In one study, Regeneron and Geisinger researchers identified patients with genetic mutations that increase the risk of heart disease, the leading cause of death in the United States. They found that people with mutations causing “familial hypercholesterolemia,” a condition characterized by high levels of “bad” LDL cholesterol and a high risk for heart disease, were often not properly diagnosed, and were under-treated with cholesterol-lowering drugs. By adding routine genetic information as part of a medical evaluation, almost everyone who should be diagnosed with the disease would be, leading to treatments that reduce the risk of a heart attack. Given the rates of this disease, genetic testing could benefit more than one million people with mutations for familial hypercholesterolemia.

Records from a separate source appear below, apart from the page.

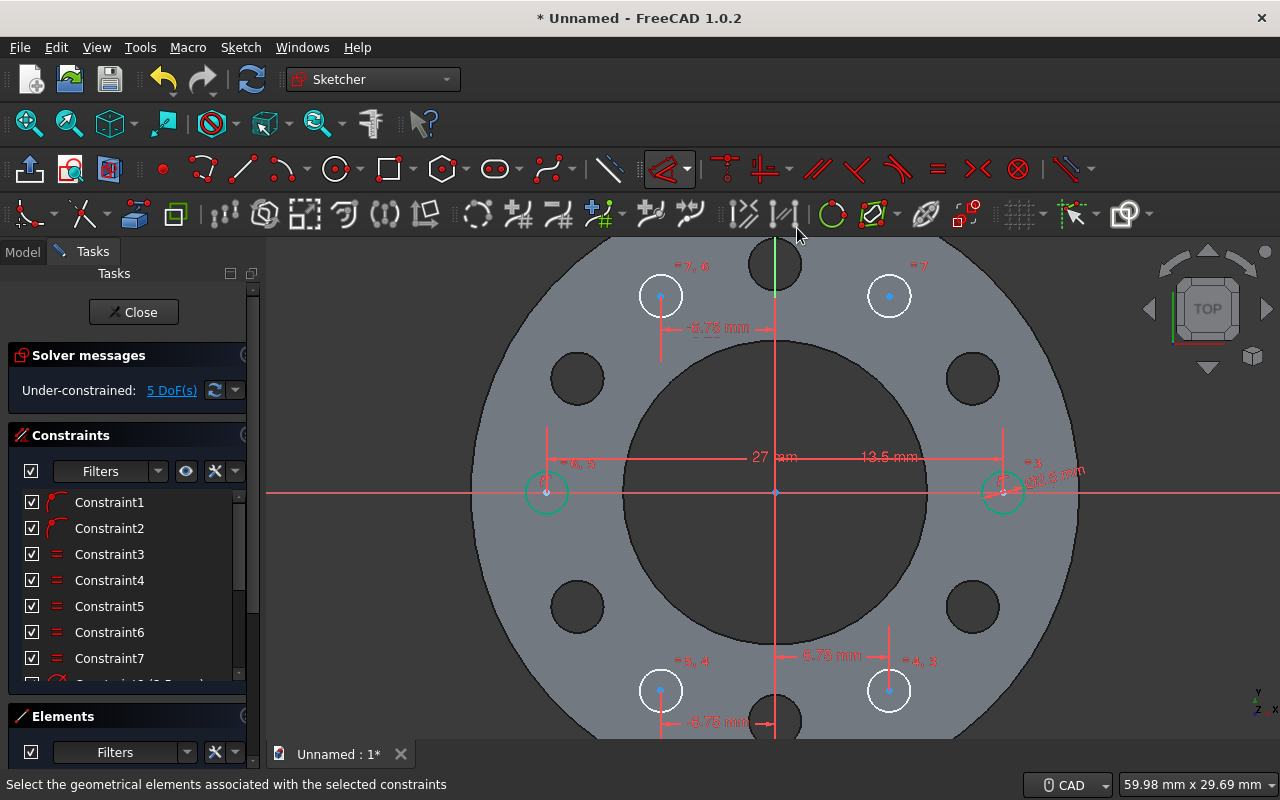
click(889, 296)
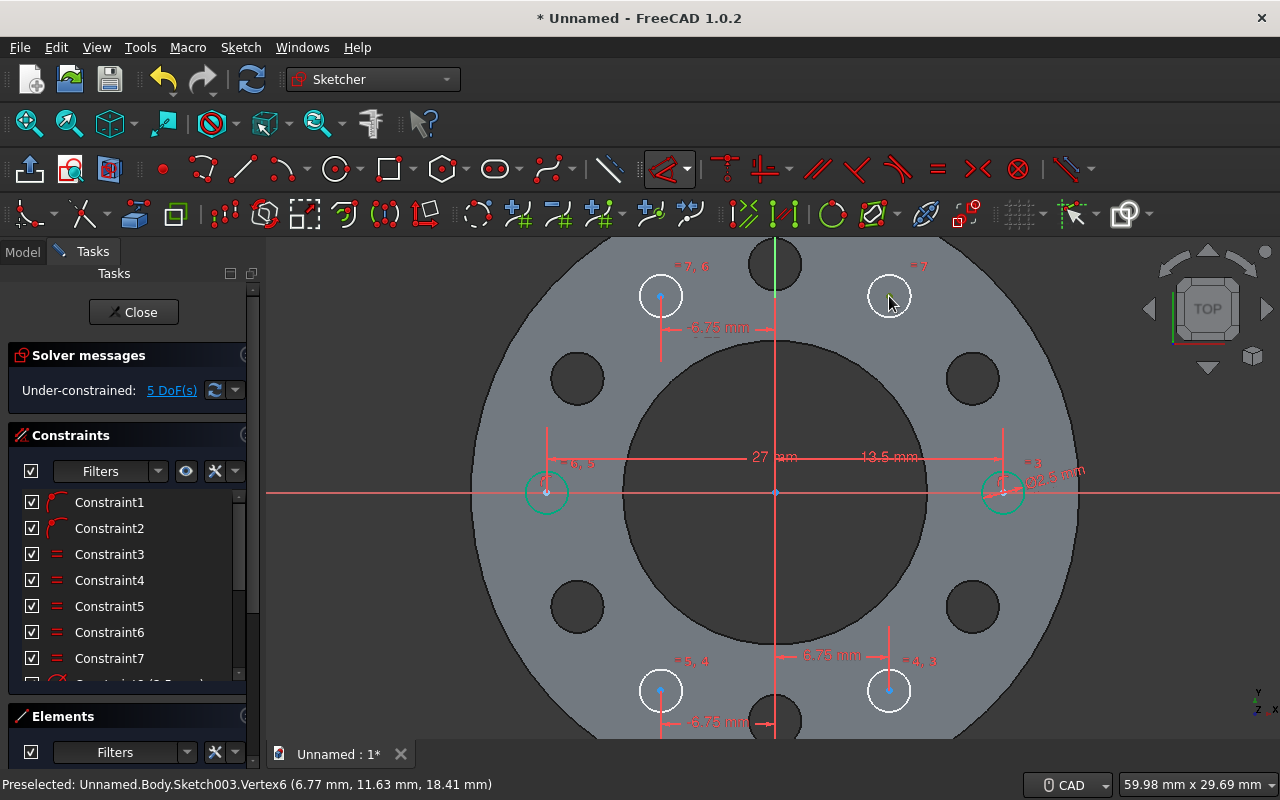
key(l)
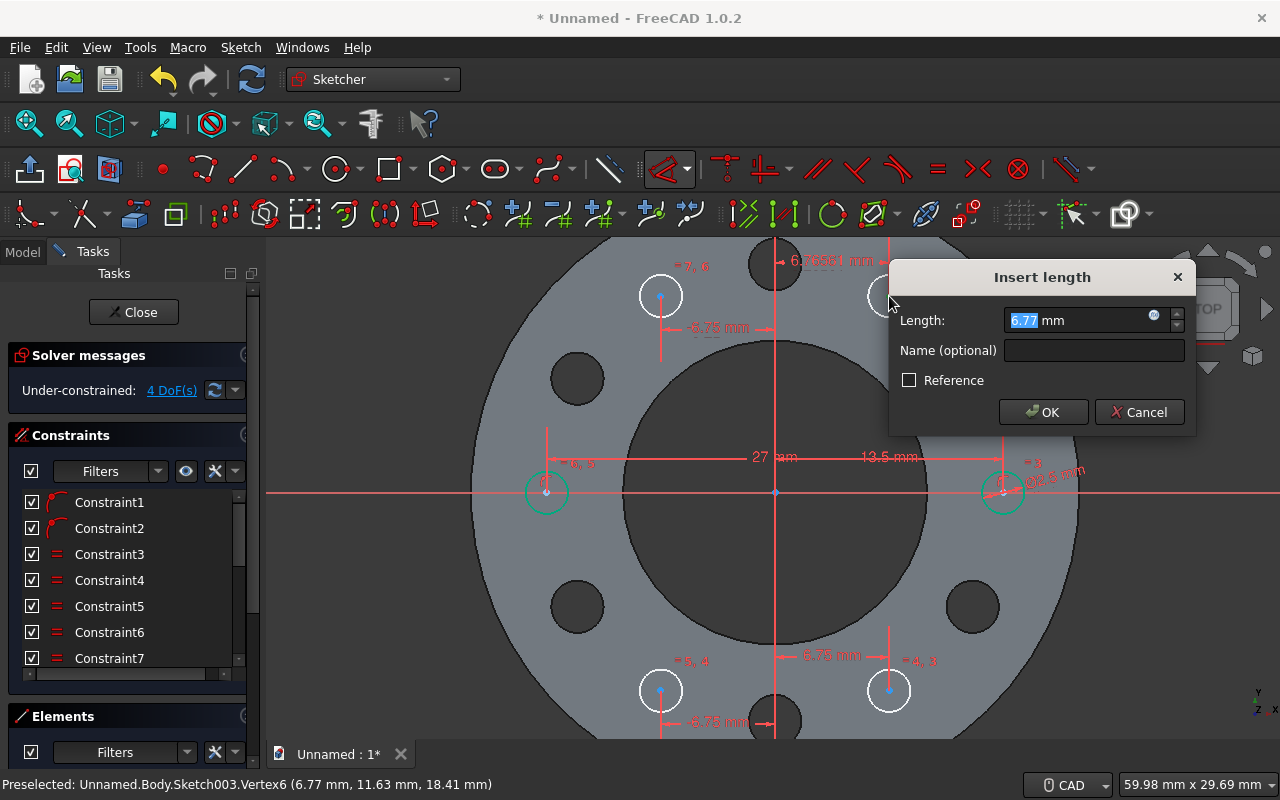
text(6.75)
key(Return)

In a companion study, the Regeneron and Geisinger researchers looked for “medically actionable” mutations among their patients, meaning mutations that carry a risk for disease that, with existing knowledge, can be treated or prevented. They found that 3.5 percent of the more than 50,000 patients had such mutations. If this result holds for the entire U.S. population, that means more than 10 million people would likely benefit from a routine genetic analysis as part of their health care. And that’s an underestimate of the ultimate potential of genomics, since the actionable mutations used in this study were conservative, covering only 76 out of more than 20,000 genes. As the science progresses, the catalog of actionable mutations will grow, and more people will benefit.

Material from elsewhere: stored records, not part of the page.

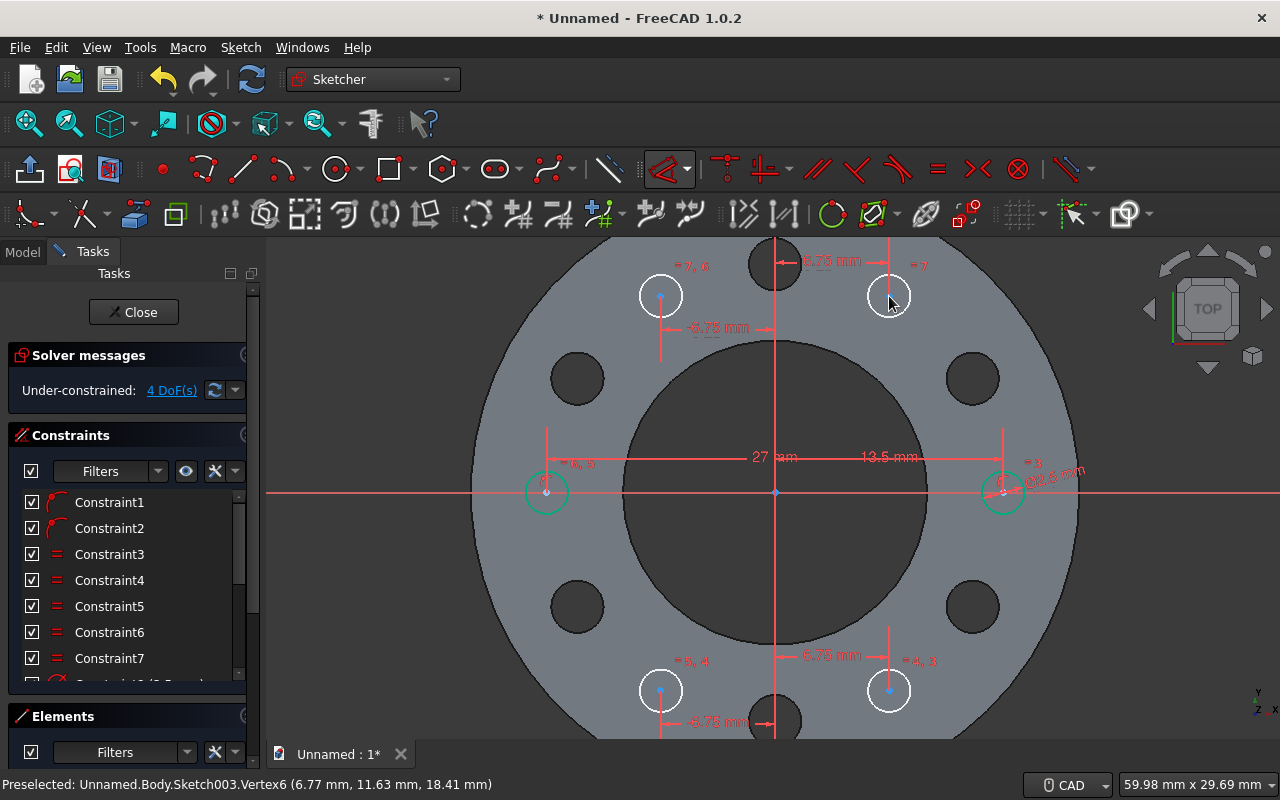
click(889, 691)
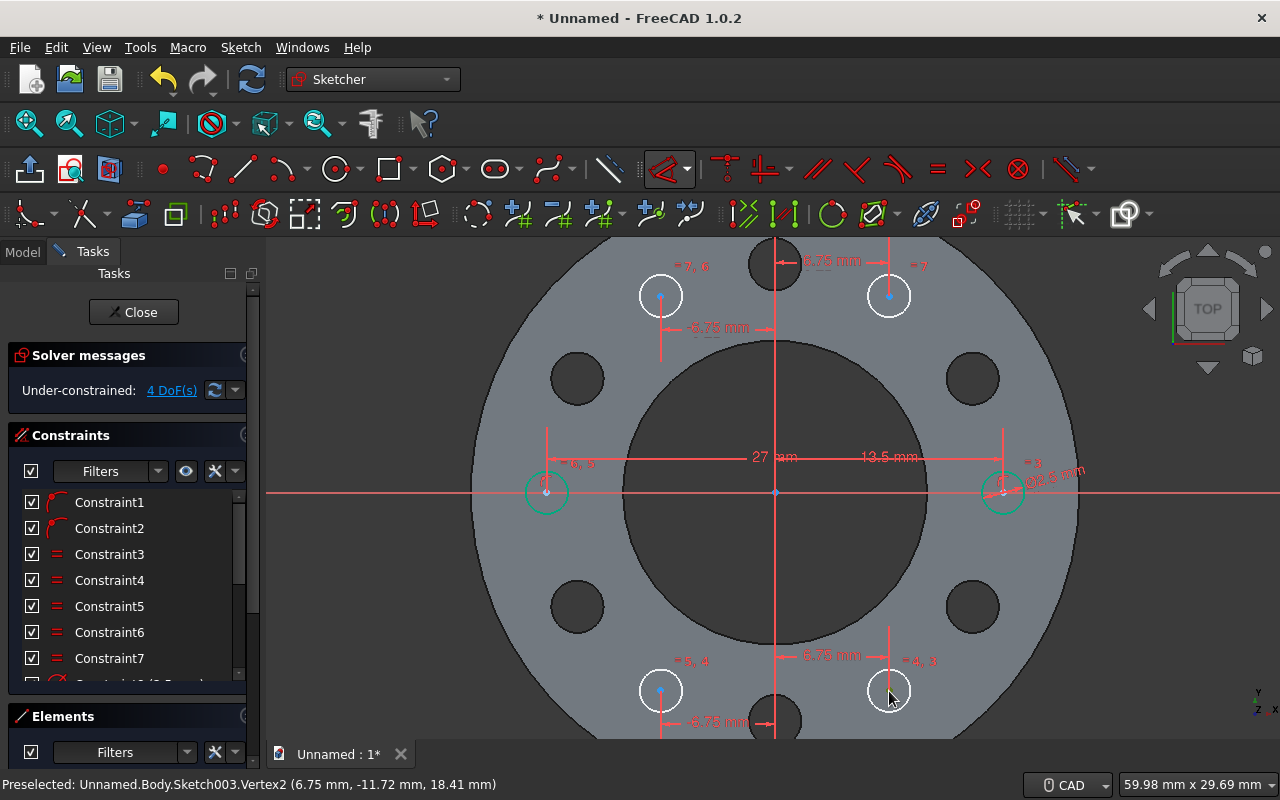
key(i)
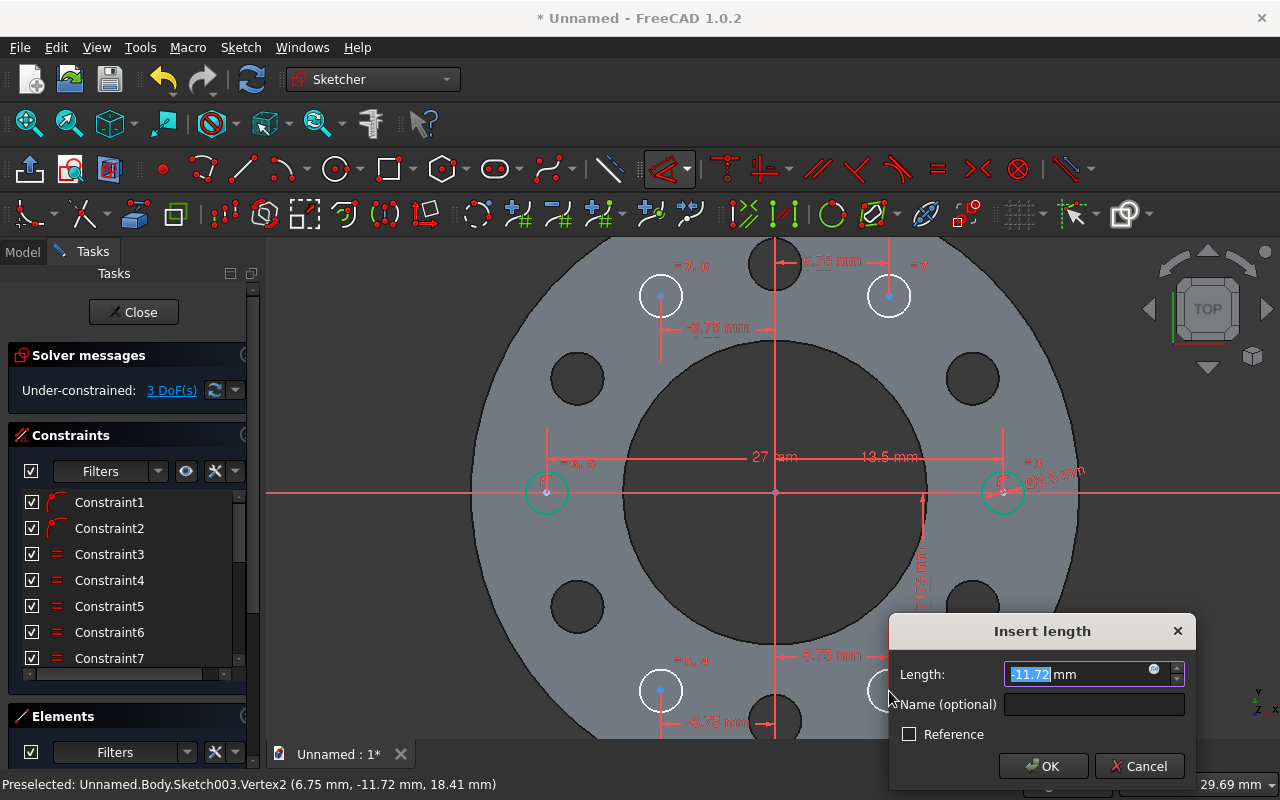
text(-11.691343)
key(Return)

Our bet on genomics is expensive, but, compared to the potential benefits, the government was right to make it. If the promising results of these two studies hold, genomics could improve the health of millions of people relatively soon. That means the major roadblocks to reaping the benefits of genomics won’t be science, but policy. Doctors and health-care systems will need to learn how to bring routine genetic tests into their care, and insurers will need to be willing to pay for them. Most importantly, to realize broad public benefits from genomics, routine genetic testing will have to be available to all, rather than just a wealthy sliver of patients. If we get the policy right, genomics will be a smart bet for everyone.